James and Rena’ had been talking for almost an hour when she stopped to ask: “Wait a second, who’s paying for this?”

“The attorneys!”

She hung up and called James back, explaining to him that costs had gone up since he’d been in prison.

“Well, it’s too bad that I’m in Chicago,” he said.

“Dude, they make airplanes for a reason,” Rena’ said.

They agreed she should request time off work and visit in a week’s time.

“YOUR AUNT JUST POSTED something saying your dad’s getting out,” Felicia Kluppelberg told her husband James Kluppelberg Jr. by phone.

Felicia had been cruising Facebook at their Merrillville, Ind., home where they were raising two young daughters when she saw the news clip. She called her husband immediately. A journeyman electrician, he was out working at the Springfield Avenue pumping station in Chicago.

That night when he came home, they watched the news together. There James was, on the TV. This strange, yet familiar man was back in the world.

James Jr. hadn’t seen him since he was a kid when his stepmother, one of James’ ex-wives, would take him for prison visits. He moved in with her when he was eight after spending a year in a homeless shelter with his mom, Dawn – also mother to his three half-brothers fathered by Duane Glassco, whose lies contributed to James’ wrongful conviction in 1989. About five years earlier, Dawn had left Glassco for James and brought James Jr. into the world.

On prison visits, the two James Kluppelbergs would sit together at one of many tables and chairs in a big open room. They would eat potato chips with Ketchup – the closest thing to French fries in the Department of Corrections. The potato chips had ridges, James Jr. remembers.

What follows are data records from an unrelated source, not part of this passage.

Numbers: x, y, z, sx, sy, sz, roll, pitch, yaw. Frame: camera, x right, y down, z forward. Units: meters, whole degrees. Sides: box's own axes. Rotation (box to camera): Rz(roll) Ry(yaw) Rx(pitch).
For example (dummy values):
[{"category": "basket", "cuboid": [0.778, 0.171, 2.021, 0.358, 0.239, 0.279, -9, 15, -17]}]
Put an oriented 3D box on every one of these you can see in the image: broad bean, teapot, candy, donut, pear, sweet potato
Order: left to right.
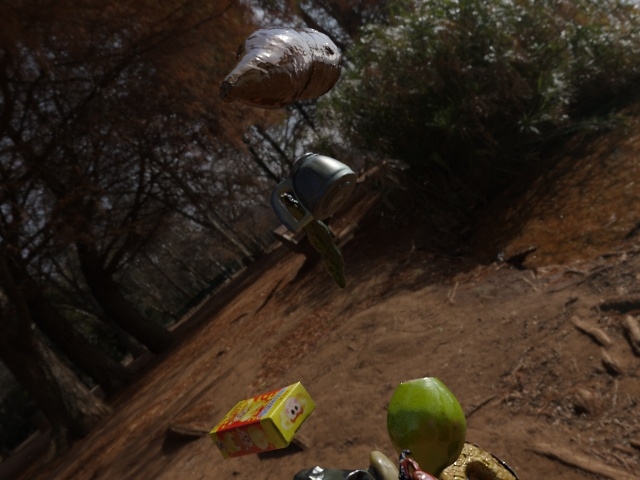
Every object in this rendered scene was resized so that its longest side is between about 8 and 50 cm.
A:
[{"category": "candy", "cuboid": [-0.155, 0.474, 1.174, 0.276, 0.088, 0.146, -30, 3, 39]}, {"category": "sweet potato", "cuboid": [-0.073, -0.270, 0.699, 0.131, 0.131, 0.337, -40, 3, 30]}, {"category": "teapot", "cuboid": [-0.014, -0.094, 0.832, 0.149, 0.108, 0.111, -54, -20, 21]}, {"category": "broad bean", "cuboid": [0.001, -0.001, 0.950, 0.043, 0.297, 0.060, -5, 44, 33]}, {"category": "pear", "cuboid": [0.254, 0.448, 1.073, 0.187, 0.220, 0.187, -6, -26, -3]}, {"category": "donut", "cuboid": [0.481, 0.781, 1.386, 0.299, 0.317, 0.150, -84, 8, -54]}]

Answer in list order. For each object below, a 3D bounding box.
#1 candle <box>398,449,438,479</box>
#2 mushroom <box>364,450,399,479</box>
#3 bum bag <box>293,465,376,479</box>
[{"category": "candle", "cuboid": [0.183, 0.431, 0.658, 0.059, 0.084, 0.302, -24, 30, -5]}, {"category": "mushroom", "cuboid": [0.029, 0.555, 0.884, 0.328, 0.159, 0.122, -36, 2, 4]}, {"category": "bum bag", "cuboid": [0.025, 0.382, 0.416, 0.095, 0.144, 0.341, 17, -99, -80]}]
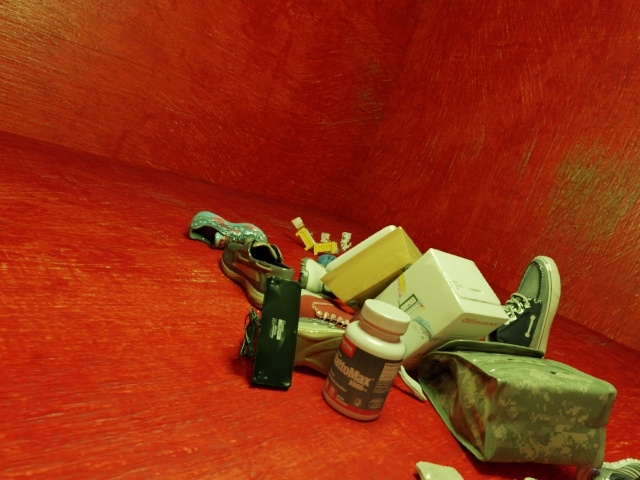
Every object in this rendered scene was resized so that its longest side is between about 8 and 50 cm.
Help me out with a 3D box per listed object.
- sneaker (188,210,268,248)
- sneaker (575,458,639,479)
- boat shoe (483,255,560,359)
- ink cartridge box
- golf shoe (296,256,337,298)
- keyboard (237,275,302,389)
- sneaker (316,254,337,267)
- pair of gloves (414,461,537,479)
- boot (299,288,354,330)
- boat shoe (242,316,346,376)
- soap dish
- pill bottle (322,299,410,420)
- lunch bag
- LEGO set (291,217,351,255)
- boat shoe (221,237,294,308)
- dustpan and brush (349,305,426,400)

“It had to be Ridges because it supports the ketchup,” he says.

Prison staff would take two Polaroid pictures during the visits. One photo to stay. One to go.

When James, Jr. was in junior high, the visits stopped – James’ wife wanted a divorce. James kept writing to his son, but the letters went unanswered. He mailed elaborate drawings as gifts he had purchased from other inmates who were artists. No response.

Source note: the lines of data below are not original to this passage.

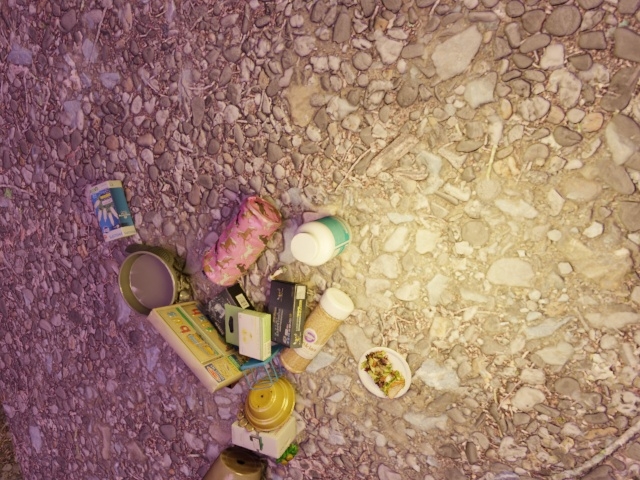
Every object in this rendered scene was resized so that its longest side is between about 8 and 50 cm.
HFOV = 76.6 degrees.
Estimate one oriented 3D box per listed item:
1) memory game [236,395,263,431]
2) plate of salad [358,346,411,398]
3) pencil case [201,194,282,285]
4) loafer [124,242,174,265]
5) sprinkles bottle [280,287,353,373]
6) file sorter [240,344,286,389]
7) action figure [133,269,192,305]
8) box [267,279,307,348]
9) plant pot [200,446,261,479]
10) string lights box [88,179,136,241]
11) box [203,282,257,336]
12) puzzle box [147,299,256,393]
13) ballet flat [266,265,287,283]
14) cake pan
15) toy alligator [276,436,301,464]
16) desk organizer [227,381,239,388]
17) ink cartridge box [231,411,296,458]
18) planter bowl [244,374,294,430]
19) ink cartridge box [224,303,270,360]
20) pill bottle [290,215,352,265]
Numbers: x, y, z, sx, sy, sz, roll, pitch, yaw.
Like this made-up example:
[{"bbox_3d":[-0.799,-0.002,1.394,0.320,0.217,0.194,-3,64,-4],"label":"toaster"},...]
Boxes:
[{"bbox_3d":[-0.254,0.697,1.661,0.186,0.186,0.012,5,128,23],"label":"memory game"},{"bbox_3d":[0.228,0.486,1.472,0.199,0.048,0.200,5,102,24],"label":"plate of salad"},{"bbox_3d":[-0.310,0.003,1.569,0.386,0.167,0.160,-48,47,24],"label":"pencil case"},{"bbox_3d":[-0.765,0.081,1.836,0.250,0.094,0.088,17,140,19],"label":"loafer"},{"bbox_3d":[-0.018,0.342,1.517,0.121,0.121,0.356,39,113,13],"label":"sprinkles bottle"},{"bbox_3d":[-0.208,0.498,1.605,0.118,0.170,0.105,-19,94,26],"label":"file sorter"},{"bbox_3d":[-0.694,0.216,1.817,0.284,0.099,0.186,13,98,18],"label":"action figure"},{"bbox_3d":[-0.130,0.269,1.517,0.183,0.059,0.233,2,85,54],"label":"box"},{"bbox_3d":[-0.391,1.073,1.743,0.322,0.323,0.281,20,91,20],"label":"plant pot"},{"bbox_3d":[-0.963,-0.136,1.879,0.133,0.076,0.260,-14,94,24],"label":"string lights box"},{"bbox_3d":[-0.374,0.288,1.683,0.158,0.093,0.156,-36,84,26],"label":"box"},{"bbox_3d":[-0.465,0.405,1.624,0.408,0.272,0.052,41,106,18],"label":"puzzle box"},{"bbox_3d":[-0.180,0.136,1.597,0.114,0.041,0.041,-36,84,26],"label":"ballet flat"},{"bbox_3d":[-0.737,0.186,1.747,0.292,0.054,0.294,3,99,17],"label":"cake pan"},{"bbox_3d":[-0.119,0.889,1.704,0.051,0.056,0.190,27,115,-27],"label":"toy alligator"},{"bbox_3d":[-0.387,0.573,1.748,0.047,0.050,0.131,15,119,21],"label":"desk organizer"},{"bbox_3d":[-0.230,0.783,1.672,0.219,0.160,0.093,4,102,23],"label":"ink cartridge box"},{"bbox_3d":[-0.218,0.628,1.606,0.216,0.090,0.217,-10,52,13],"label":"planter bowl"},{"bbox_3d":[-0.297,0.350,1.563,0.234,0.056,0.171,6,102,29],"label":"ink cartridge box"},{"bbox_3d":[0.000,0.000,1.365,0.146,0.264,0.147,4,101,23],"label":"pill bottle"}]
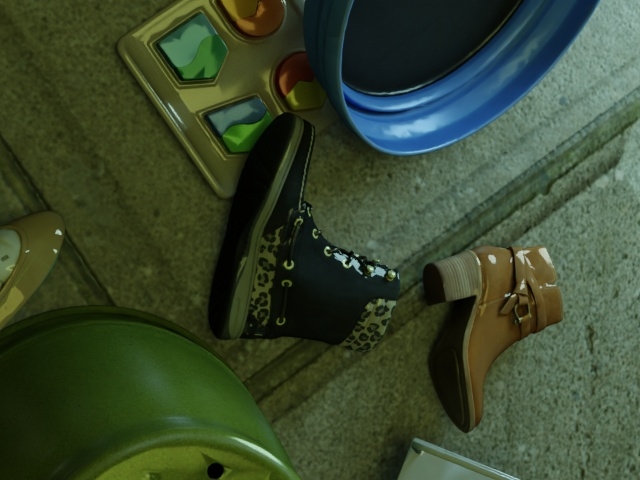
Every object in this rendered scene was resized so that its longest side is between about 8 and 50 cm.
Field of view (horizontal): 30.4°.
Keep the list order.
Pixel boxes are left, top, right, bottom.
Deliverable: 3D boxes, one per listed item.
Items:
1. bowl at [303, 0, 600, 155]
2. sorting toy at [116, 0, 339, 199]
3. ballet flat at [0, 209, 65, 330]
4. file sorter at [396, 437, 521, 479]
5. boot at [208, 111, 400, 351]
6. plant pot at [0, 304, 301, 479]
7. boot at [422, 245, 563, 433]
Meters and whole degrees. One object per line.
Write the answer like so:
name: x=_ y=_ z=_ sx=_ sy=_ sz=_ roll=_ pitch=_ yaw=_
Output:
bowl: x=0.146 y=-0.262 z=1.131 sx=0.391 sy=0.077 sz=0.391 roll=-31 pitch=146 yaw=-23
sorting toy: x=-0.071 y=-0.174 z=1.188 sx=0.208 sy=0.038 sz=0.193 roll=-38 pitch=104 yaw=-17
ballet flat: x=-0.312 y=0.052 z=1.053 sx=0.232 sy=0.080 sz=0.073 roll=-60 pitch=145 yaw=-23
file sorter: x=0.125 y=0.351 z=1.123 sx=0.193 sy=0.173 sz=0.278 roll=21 pitch=82 yaw=11
boot: x=-0.001 y=0.000 z=1.183 sx=0.178 sy=0.085 sz=0.236 roll=12 pitch=104 yaw=-23
plant pot: x=-0.161 y=0.247 z=0.991 sx=0.366 sy=0.353 sz=0.366 roll=0 pitch=90 yaw=-21
boot: x=0.197 y=0.102 z=1.283 sx=0.152 sy=0.073 sz=0.197 roll=-9 pitch=97 yaw=-25
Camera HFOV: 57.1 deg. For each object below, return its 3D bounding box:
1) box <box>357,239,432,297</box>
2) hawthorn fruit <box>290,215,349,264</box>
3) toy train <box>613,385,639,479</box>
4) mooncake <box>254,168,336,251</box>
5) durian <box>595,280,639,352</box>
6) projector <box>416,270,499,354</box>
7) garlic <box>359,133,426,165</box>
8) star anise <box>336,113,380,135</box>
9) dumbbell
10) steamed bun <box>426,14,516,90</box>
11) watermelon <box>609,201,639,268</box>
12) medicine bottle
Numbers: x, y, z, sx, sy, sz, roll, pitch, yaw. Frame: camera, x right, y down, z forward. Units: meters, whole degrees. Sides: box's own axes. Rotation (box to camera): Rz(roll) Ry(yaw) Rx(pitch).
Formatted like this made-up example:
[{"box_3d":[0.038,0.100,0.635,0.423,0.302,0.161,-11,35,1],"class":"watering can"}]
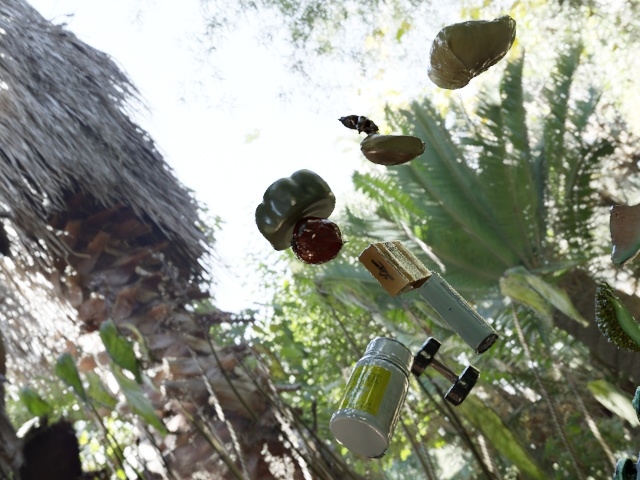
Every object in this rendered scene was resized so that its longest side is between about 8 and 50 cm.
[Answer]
[{"box_3d":[0.218,0.077,1.691,0.070,0.152,0.237,-48,-18,18],"class":"box"},{"box_3d":[0.000,0.000,1.680,0.171,0.148,0.148,-5,-40,-14],"class":"hawthorn fruit"},{"box_3d":[0.880,0.566,1.481,0.442,0.179,0.273,-51,-60,-38],"class":"toy train"},{"box_3d":[-0.078,-0.095,1.784,0.274,0.135,0.275,-33,-22,-16],"class":"mooncake"},{"box_3d":[0.797,0.213,1.593,0.095,0.221,0.137,-29,3,17],"class":"durian"},{"box_3d":[0.486,0.254,2.114,0.108,0.337,0.108,-24,-40,-22],"class":"projector"},{"box_3d":[0.185,-0.256,1.637,0.195,0.087,0.101,2,-9,-22],"class":"garlic"},{"box_3d":[0.129,-0.330,1.703,0.129,0.124,0.056,15,-87,-41],"class":"star anise"},{"box_3d":[0.431,0.456,2.057,0.152,0.218,0.152,-48,-17,-20],"class":"dumbbell"},{"box_3d":[0.354,-0.435,1.419,0.231,0.111,0.212,-18,-12,-21],"class":"steamed bun"},{"box_3d":[0.599,0.000,1.147,0.101,0.080,0.155,82,-156,-46],"class":"watermelon"},{"box_3d":[0.129,0.358,1.375,0.258,0.143,0.144,-55,-12,-48],"class":"medicine bottle"}]

“I thought he was guilty,” he says. “There was no one that said he was innocent.”

Except Dawn, the mother of his child.

A few years before James’ release, two detectives came to James Jr.’s door. As they asked questions, he started to think perhaps he had been wrong. Perhaps his dad was innocent and his mom – even though she was cracked out whenever he heard her say so – was right.

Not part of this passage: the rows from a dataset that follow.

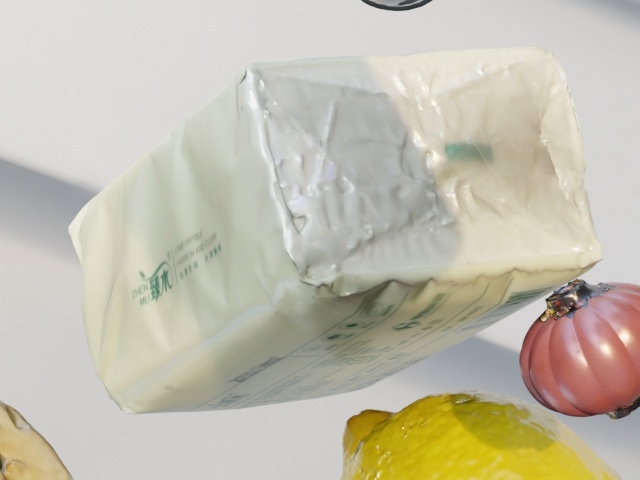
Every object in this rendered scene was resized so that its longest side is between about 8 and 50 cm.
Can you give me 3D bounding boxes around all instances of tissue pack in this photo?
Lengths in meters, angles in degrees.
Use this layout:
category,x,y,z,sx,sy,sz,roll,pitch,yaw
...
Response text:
category,x,y,z,sx,sy,sz,roll,pitch,yaw
tissue pack,0.000,0.000,1.567,0.380,0.297,0.207,-33,66,54

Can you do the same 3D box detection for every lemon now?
category,x,y,z,sx,sy,sz,roll,pitch,yaw
lemon,0.135,0.253,1.588,0.320,0.245,0.245,47,127,25

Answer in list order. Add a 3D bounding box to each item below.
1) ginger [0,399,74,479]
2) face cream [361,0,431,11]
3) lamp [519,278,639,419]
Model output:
category,x,y,z,sx,sy,sz,roll,pitch,yaw
ginger,-0.236,0.168,1.200,0.267,0.138,0.152,-40,-2,43
face cream,0.060,-0.192,0.583,0.201,0.187,0.201,-27,7,3
lamp,0.183,0.072,1.277,0.107,0.092,0.107,-29,10,5
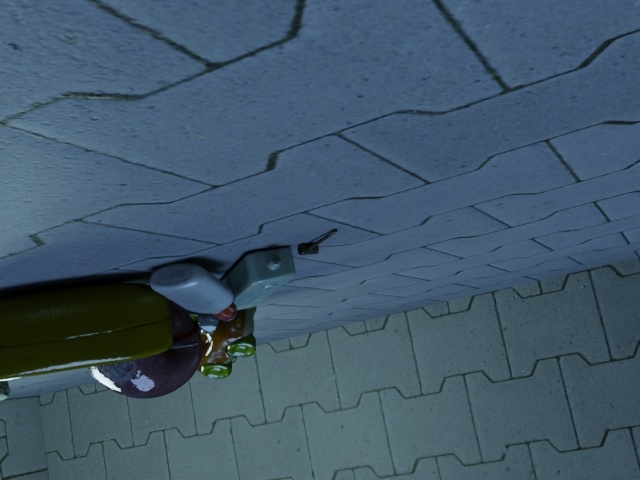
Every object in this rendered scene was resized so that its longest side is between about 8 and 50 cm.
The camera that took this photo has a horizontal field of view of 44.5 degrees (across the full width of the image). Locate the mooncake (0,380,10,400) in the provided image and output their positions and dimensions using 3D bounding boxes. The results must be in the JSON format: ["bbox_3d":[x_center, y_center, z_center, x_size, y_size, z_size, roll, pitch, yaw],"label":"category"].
[{"bbox_3d":[-0.920,0.349,1.915,0.250,0.136,0.254,-13,164,2],"label":"mooncake"}]

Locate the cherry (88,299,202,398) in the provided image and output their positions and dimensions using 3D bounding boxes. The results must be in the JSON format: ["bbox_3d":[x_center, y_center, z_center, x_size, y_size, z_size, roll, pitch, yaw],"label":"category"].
[{"bbox_3d":[-0.364,0.221,1.614,0.285,0.213,0.236,-3,150,29],"label":"cherry"}]

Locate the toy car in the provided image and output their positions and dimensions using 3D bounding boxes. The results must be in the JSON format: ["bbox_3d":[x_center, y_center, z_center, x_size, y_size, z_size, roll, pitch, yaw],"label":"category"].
[{"bbox_3d":[-0.271,0.197,1.788,0.235,0.145,0.235,-2,141,-2],"label":"toy car"}]

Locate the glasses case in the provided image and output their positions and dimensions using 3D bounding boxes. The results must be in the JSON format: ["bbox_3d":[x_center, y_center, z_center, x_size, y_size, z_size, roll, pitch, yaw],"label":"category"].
[{"bbox_3d":[-0.449,0.152,1.374,0.371,0.141,0.173,-8,-177,-16],"label":"glasses case"}]

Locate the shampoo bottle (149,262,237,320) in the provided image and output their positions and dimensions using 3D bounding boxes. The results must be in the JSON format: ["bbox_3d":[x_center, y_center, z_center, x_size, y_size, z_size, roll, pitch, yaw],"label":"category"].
[{"bbox_3d":[-0.216,0.099,1.434,0.108,0.051,0.221,-10,155,17],"label":"shampoo bottle"}]

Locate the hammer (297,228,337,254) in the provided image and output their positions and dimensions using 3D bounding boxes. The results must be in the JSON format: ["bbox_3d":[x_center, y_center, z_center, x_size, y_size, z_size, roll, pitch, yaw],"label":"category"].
[{"bbox_3d":[0.000,0.000,1.373,0.035,0.019,0.110,-4,162,-32],"label":"hammer"}]

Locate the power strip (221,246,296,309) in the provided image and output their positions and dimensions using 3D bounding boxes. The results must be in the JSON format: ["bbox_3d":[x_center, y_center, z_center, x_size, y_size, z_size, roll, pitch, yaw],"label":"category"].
[{"bbox_3d":[-0.133,0.082,1.530,0.091,0.062,0.385,-9,170,-20],"label":"power strip"}]

James never got the chance to see Dawn after his release. Cancer and drug addiction got her less than two weeks before he won his freedom. Some of her final days were spent at a nursing home next to Cook County Jail where James had entered the system almost a quarter of a century ago, presumably forever.

In hospice, she ripped out her own oxygen tube and took her final breaths. James Jr. and his brothers pooled their money together for her cremation and memorial service at a Baptist Church in Tinley Park, Southwest of Chicago.

James Jr. had lost his mother – did he ever have her? – and now it seemed, as James’ face flashed across the TV screen, he might be gaining a father.